Касьян остудный
Шрифт:
— Батя, чего тут хорошего, если у тебя выгребли весь хлеб старого урожая? И с новым то же будет. Будет, слышишь!
— А все равно я не бедней других. К новой власти, Харитон, приноровиться надо. Понять ее. Только понять не через Якова Умнова, а через слово Семена Григорьевича Оглоблина. Ты не торопись. Ты погоди, скоро на мои ворота флаг приколотят. Скажут: дорогу Кадушкину. Вот-де с кого надо примеряться: бьется мужик, не пьянствует, лишку не спит, бога забыл для работы. Трудовой мужик живет, хозяйственный — берите с него равнение. Советская власть, трудовая, так и скажет. Нам тычут в глаза, что мы других заставляем работать. А кого я приневолил, укажи. Я христианин и знаю, что грех незамолимый — ездить человеку на человеке.
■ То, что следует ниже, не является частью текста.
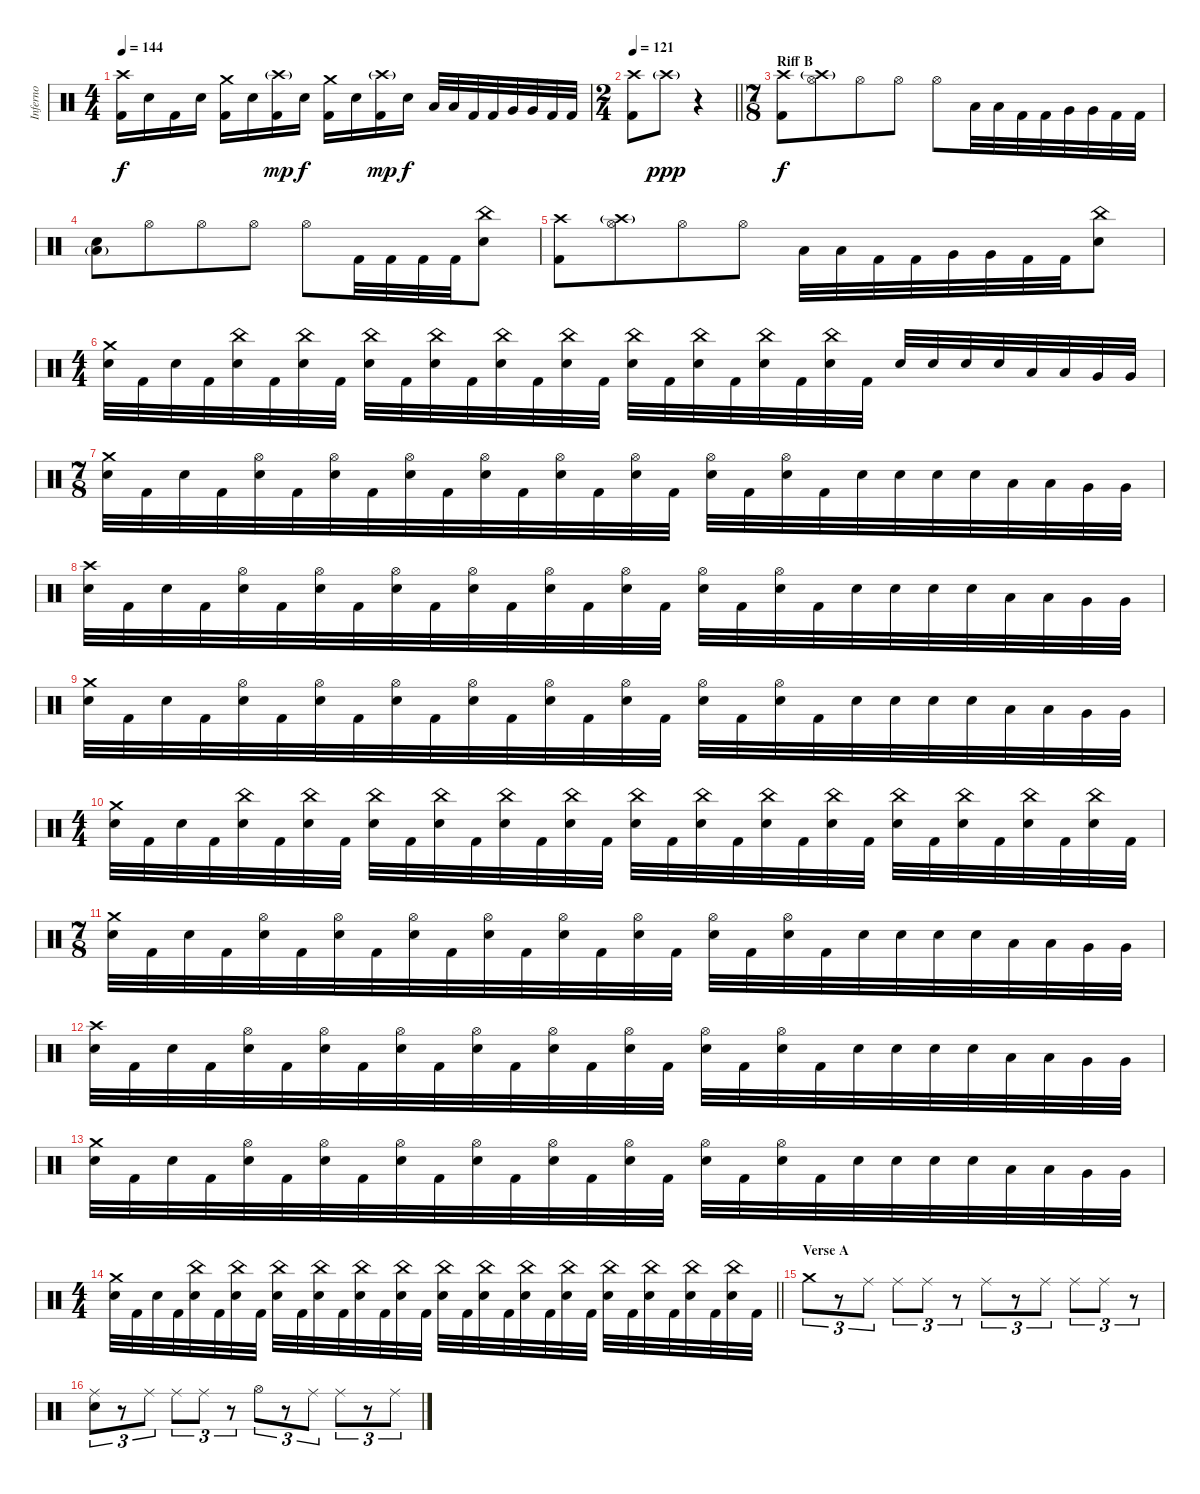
\track ("Inferno" "Inferno") {instrument percussion}
\staff {score}
\articulation defaults
\ts (4 4)
\tempo 144
\clef neutral
\ks c
("Crash high (hit)" "Kick (hit) 2").16{dy f} "Snare (hit) 2".16 "Kick (hit) 2".16 "Snare (hit) 2".16 ("Crash medium (hit)" "Kick (hit) 2").16 "Snare (hit) 2".16 ("Crash high (hit)"{g} "Kick (hit) 2").16{dy mp} "Snare (hit) 2".16{dy f} ("Crash medium (hit)" "Kick (hit) 2").16 "Snare (hit) 2".16 ("Crash high (hit)"{g} "Kick (hit) 2").16{dy mp} "Snare (hit) 2".16{dy f} "Low Tom (hit)".32 "Low Tom (hit)".32 "Kick (hit) 2".32 "Kick (hit) 2".32 "Very Low Tom (hit)".32 "Very Low Tom (hit)".32 "Kick (hit) 2".32 "Kick (hit) 2".32 |
\ts (2 4)
\tempo 121
\barLineRight lightlight
("Crash high (hit)" "Kick (hit) 2").8 "Crash high (hit)"{g}.8{dy ppp} r.4 |
\ts (7 8)
\section ("" "Riff B")
("Crash high (hit)" "Kick (hit) 2").8{dy f} ("Crash high (hit)"{g} "Hi-Hat (open)").8 "Hi-Hat (open)".8 "Hi-Hat (open)".8 "Hi-Hat (open)".8 "Low Tom (hit)".32 "Low Tom (hit)".32 "Kick (hit) 2".32 "Kick (hit) 2".32 "Very Low Tom (hit)".32 "Very Low Tom (hit)".32 "Kick (hit) 2".32 "Kick (hit) 2".32 |
("Low Floor Tom (hit)"{g} "Snare (hit) 2").8 "Hi-Hat (open)".8 "Hi-Hat (open)".8 "Hi-Hat (open)".8 "Hi-Hat (open)".8 "Kick (hit) 2".32 "Kick (hit) 2".32 "Kick (hit) 2".32 "Kick (hit) 2".32 ("China (hit)" "Snare (hit) 2").8 |
("Crash high (hit)" "Kick (hit) 2").8 ("Crash high (hit)"{g} "Hi-Hat (open)").8 "Hi-Hat (open)".8 "Hi-Hat (open)".8 "Low Tom (hit)".32 "Low Tom (hit)".32 "Kick (hit) 2".32 "Kick (hit) 2".32 "Very Low Tom (hit)".32 "Very Low Tom (hit)".32 "Kick (hit) 2".32 "Kick (hit) 2".32 ("China (hit)" "Snare (hit) 2").8 |
\ts (4 4)
("Crash medium (hit)" "Snare (hit) 2").32 "Kick (hit) 2".32 "Snare (hit) 2".32 "Kick (hit) 2".32 ("China (hit)" "Snare (hit) 2").32 "Kick (hit) 2".32 ("China (hit)" "Snare (hit) 2").32 "Kick (hit) 2".32 ("China (hit)" "Snare (hit) 2").32 "Kick (hit) 2".32 ("China (hit)" "Snare (hit) 2").32 "Kick (hit) 2".32 ("China (hit)" "Snare (hit) 2").32 "Kick (hit) 2".32 ("China (hit)" "Snare (hit) 2").32 "Kick (hit) 2".32 ("China (hit)" "Snare (hit) 2").32 "Kick (hit) 2".32 ("China (hit)" "Snare (hit) 2").32 "Kick (hit) 2".32 ("China (hit)" "Snare (hit) 2").32 "Kick (hit) 2".32 ("China (hit)" "Snare (hit) 2").32 "Kick (hit) 2".32 "Snare (hit) 2".32 "Snare (hit) 2".32 "Snare (hit) 2".32 "Snare (hit) 2".32 "Low Tom (hit)".32 "Low Tom (hit)".32 "Very Low Tom (hit)".32 "Very Low Tom (hit)".32 |
\ts (7 8)
("Crash medium (hit)" "Snare (hit) 2").32 "Kick (hit) 2".32 "Snare (hit) 2".32 "Kick (hit) 2".32 ("Hi-Hat (open)" "Snare (hit) 2").32 "Kick (hit) 2".32 ("Hi-Hat (open)" "Snare (hit) 2").32 "Kick (hit) 2".32 ("Hi-Hat (open)" "Snare (hit) 2").32 "Kick (hit) 2".32 ("Hi-Hat (open)" "Snare (hit) 2").32 "Kick (hit) 2".32 ("Hi-Hat (open)" "Snare (hit) 2").32 "Kick (hit) 2".32 ("Hi-Hat (open)" "Snare (hit) 2").32 "Kick (hit) 2".32 ("Hi-Hat (open)" "Snare (hit) 2").32 "Kick (hit) 2".32 ("Hi-Hat (open)" "Snare (hit) 2").32 "Kick (hit) 2".32 "Snare (hit) 2".32 "Snare (hit) 2".32 "Snare (hit) 2".32 "Snare (hit) 2".32 "Low Tom (hit)".32 "Low Tom (hit)".32 "Very Low Tom (hit)".32 "Very Low Tom (hit)".32 |
("Crash high (hit)" "Snare (hit) 2").32 "Kick (hit) 2".32 "Snare (hit) 2".32 "Kick (hit) 2".32 ("Hi-Hat (open)" "Snare (hit) 2").32 "Kick (hit) 2".32 ("Hi-Hat (open)" "Snare (hit) 2").32 "Kick (hit) 2".32 ("Hi-Hat (open)" "Snare (hit) 2").32 "Kick (hit) 2".32 ("Hi-Hat (open)" "Snare (hit) 2").32 "Kick (hit) 2".32 ("Hi-Hat (open)" "Snare (hit) 2").32 "Kick (hit) 2".32 ("Hi-Hat (open)" "Snare (hit) 2").32 "Kick (hit) 2".32 ("Hi-Hat (open)" "Snare (hit) 2").32 "Kick (hit) 2".32 ("Hi-Hat (open)" "Snare (hit) 2").32 "Kick (hit) 2".32 "Snare (hit) 2".32 "Snare (hit) 2".32 "Snare (hit) 2".32 "Snare (hit) 2".32 "Low Tom (hit)".32 "Low Tom (hit)".32 "Very Low Tom (hit)".32 "Very Low Tom (hit)".32 |
("Crash medium (hit)" "Snare (hit) 2").32 "Kick (hit) 2".32 "Snare (hit) 2".32 "Kick (hit) 2".32 ("Hi-Hat (open)" "Snare (hit) 2").32 "Kick (hit) 2".32 ("Hi-Hat (open)" "Snare (hit) 2").32 "Kick (hit) 2".32 ("Hi-Hat (open)" "Snare (hit) 2").32 "Kick (hit) 2".32 ("Hi-Hat (open)" "Snare (hit) 2").32 "Kick (hit) 2".32 ("Hi-Hat (open)" "Snare (hit) 2").32 "Kick (hit) 2".32 ("Hi-Hat (open)" "Snare (hit) 2").32 "Kick (hit) 2".32 ("Hi-Hat (open)" "Snare (hit) 2").32 "Kick (hit) 2".32 ("Hi-Hat (open)" "Snare (hit) 2").32 "Kick (hit) 2".32 "Snare (hit) 2".32 "Snare (hit) 2".32 "Snare (hit) 2".32 "Snare (hit) 2".32 "Low Tom (hit)".32 "Low Tom (hit)".32 "Very Low Tom (hit)".32 "Very Low Tom (hit)".32 |
\ts (4 4)
("Crash medium (hit)" "Snare (hit) 2").32 "Kick (hit) 2".32 "Snare (hit) 2".32 "Kick (hit) 2".32 ("China (hit)" "Snare (hit) 2").32 "Kick (hit) 2".32 ("China (hit)" "Snare (hit) 2").32 "Kick (hit) 2".32 ("China (hit)" "Snare (hit) 2").32 "Kick (hit) 2".32 ("China (hit)" "Snare (hit) 2").32 "Kick (hit) 2".32 ("China (hit)" "Snare (hit) 2").32 "Kick (hit) 2".32 ("China (hit)" "Snare (hit) 2").32 "Kick (hit) 2".32 ("China (hit)" "Snare (hit) 2").32 "Kick (hit) 2".32 ("China (hit)" "Snare (hit) 2").32 "Kick (hit) 2".32 ("China (hit)" "Snare (hit) 2").32 "Kick (hit) 2".32 ("China (hit)" "Snare (hit) 2").32 "Kick (hit) 2".32 ("China (hit)" "Snare (hit) 2").32 "Kick (hit) 2".32 ("China (hit)" "Snare (hit) 2").32 "Kick (hit) 2".32 ("China (hit)" "Snare (hit) 2").32 "Kick (hit) 2".32 ("China (hit)" "Snare (hit) 2").32 "Kick (hit) 2".32 |
\ts (7 8)
("Crash medium (hit)" "Snare (hit) 2").32 "Kick (hit) 2".32 "Snare (hit) 2".32 "Kick (hit) 2".32 ("Hi-Hat (open)" "Snare (hit) 2").32 "Kick (hit) 2".32 ("Hi-Hat (open)" "Snare (hit) 2").32 "Kick (hit) 2".32 ("Hi-Hat (open)" "Snare (hit) 2").32 "Kick (hit) 2".32 ("Hi-Hat (open)" "Snare (hit) 2").32 "Kick (hit) 2".32 ("Hi-Hat (open)" "Snare (hit) 2").32 "Kick (hit) 2".32 ("Hi-Hat (open)" "Snare (hit) 2").32 "Kick (hit) 2".32 ("Hi-Hat (open)" "Snare (hit) 2").32 "Kick (hit) 2".32 ("Hi-Hat (open)" "Snare (hit) 2").32 "Kick (hit) 2".32 "Snare (hit) 2".32 "Snare (hit) 2".32 "Snare (hit) 2".32 "Snare (hit) 2".32 "Low Tom (hit)".32 "Low Tom (hit)".32 "Very Low Tom (hit)".32 "Very Low Tom (hit)".32 |
("Crash high (hit)" "Snare (hit) 2").32 "Kick (hit) 2".32 "Snare (hit) 2".32 "Kick (hit) 2".32 ("Hi-Hat (open)" "Snare (hit) 2").32 "Kick (hit) 2".32 ("Hi-Hat (open)" "Snare (hit) 2").32 "Kick (hit) 2".32 ("Hi-Hat (open)" "Snare (hit) 2").32 "Kick (hit) 2".32 ("Hi-Hat (open)" "Snare (hit) 2").32 "Kick (hit) 2".32 ("Hi-Hat (open)" "Snare (hit) 2").32 "Kick (hit) 2".32 ("Hi-Hat (open)" "Snare (hit) 2").32 "Kick (hit) 2".32 ("Hi-Hat (open)" "Snare (hit) 2").32 "Kick (hit) 2".32 ("Hi-Hat (open)" "Snare (hit) 2").32 "Kick (hit) 2".32 "Snare (hit) 2".32 "Snare (hit) 2".32 "Snare (hit) 2".32 "Snare (hit) 2".32 "Low Tom (hit)".32 "Low Tom (hit)".32 "Very Low Tom (hit)".32 "Very Low Tom (hit)".32 |
("Crash medium (hit)" "Snare (hit) 2").32 "Kick (hit) 2".32 "Snare (hit) 2".32 "Kick (hit) 2".32 ("Hi-Hat (open)" "Snare (hit) 2").32 "Kick (hit) 2".32 ("Hi-Hat (open)" "Snare (hit) 2").32 "Kick (hit) 2".32 ("Hi-Hat (open)" "Snare (hit) 2").32 "Kick (hit) 2".32 ("Hi-Hat (open)" "Snare (hit) 2").32 "Kick (hit) 2".32 ("Hi-Hat (open)" "Snare (hit) 2").32 "Kick (hit) 2".32 ("Hi-Hat (open)" "Snare (hit) 2").32 "Kick (hit) 2".32 ("Hi-Hat (open)" "Snare (hit) 2").32 "Kick (hit) 2".32 ("Hi-Hat (open)" "Snare (hit) 2").32 "Kick (hit) 2".32 "Snare (hit) 2".32 "Snare (hit) 2".32 "Snare (hit) 2".32 "Snare (hit) 2".32 "Low Tom (hit)".32 "Low Tom (hit)".32 "Very Low Tom (hit)".32 "Very Low Tom (hit)".32 |
\ts (4 4)
\barLineRight lightlight
("Crash medium (hit)" "Snare (hit) 2").32 "Kick (hit) 2".32 "Snare (hit) 2".32 "Kick (hit) 2".32 ("China (hit)" "Snare (hit) 2").32 "Kick (hit) 2".32 ("China (hit)" "Snare (hit) 2").32 "Kick (hit) 2".32 ("China (hit)" "Snare (hit) 2").32 "Kick (hit) 2".32 ("China (hit)" "Snare (hit) 2").32 "Kick (hit) 2".32 ("China (hit)" "Snare (hit) 2").32 "Kick (hit) 2".32 ("China (hit)" "Snare (hit) 2").32 "Kick (hit) 2".32 ("China (hit)" "Snare (hit) 2").32 "Kick (hit) 2".32 ("China (hit)" "Snare (hit) 2").32 "Kick (hit) 2".32 ("China (hit)" "Snare (hit) 2").32 "Kick (hit) 2".32 ("China (hit)" "Snare (hit) 2").32 "Kick (hit) 2".32 ("China (hit)" "Snare (hit) 2").32 "Kick (hit) 2".32 ("China (hit)" "Snare (hit) 2").32 "Kick (hit) 2".32 ("China (hit)" "Snare (hit) 2").32 "Kick (hit) 2".32 ("China (hit)" "Snare (hit) 2").32 "Kick (hit) 2".32 |
\section ("" "Verse A")
"Crash medium (hit)".8{tu (3 2)} r.8{tu (3 2)} "Ride (middle)".8{tu (3 2)} "Ride (middle)".8{tu (3 2)} "Ride (middle)".8{tu (3 2)} r.8{tu (3 2)} "Ride (middle)".8{tu (3 2)} r.8{tu (3 2)} "Ride (middle)".8{tu (3 2)} "Ride (middle)".8{tu (3 2)} "Ride (middle)".8{tu (3 2)} r.8{tu (3 2)} |
("Ride (middle)" "Snare (hit) 2").8{tu (3 2)} r.8{tu (3 2)} "Ride (middle)".8{tu (3 2)} "Ride (middle)".8{tu (3 2)} "Ride (middle)".8{tu (3 2)} r.8{tu (3 2)} "Hi-Hat (open)".8{tu (3 2)} r.8{tu (3 2)} "Ride (middle)".8{tu (3 2)} "Ride (middle)".8{tu (3 2)} r.8{tu (3 2)} "Ride (middle)".8{tu (3 2)}

Но ежели у него умения нет свое хозяйство вести? Ведь учу я его не воровству. Телятниковой Марфе помогал —
Харитон верил, что жизнь идет против отца, но убедить его в этом не мог, и не мог по одной простой причине: Харитону самому хочется быть таким же, как отец, хочется так же неусыпно и заботливо вести свое налаженное хозяйство, потому он завидует слепой отцовской ухватке, которая тянет Харитона без особых слов на свою сторону. «А черт с ним, — махнул рукой Харитон, уходя от тока: — Не будем умирать вперед смерти. Поживем — все обозначится». Он, как и отец, не умел думать отвлеченно, не хотел забегать вперед и, по-отцовски зная святой долг хлебопашца, через дело видел свое будущее, легко успокоился, начал перебирать те работы, что ждут его назавтра с раннего утра. Потом вспомнил Дуняшу, ее подвижные брови, и ему сделалось совсем душевно и тихо.
Когда он, передав отцовский наказ Марфе Телятниковой, вернулся домой, Федот Федотыч встретил его у ворот с растерянно моргающими круглыми глазами, худой рот у него был горестно открыт.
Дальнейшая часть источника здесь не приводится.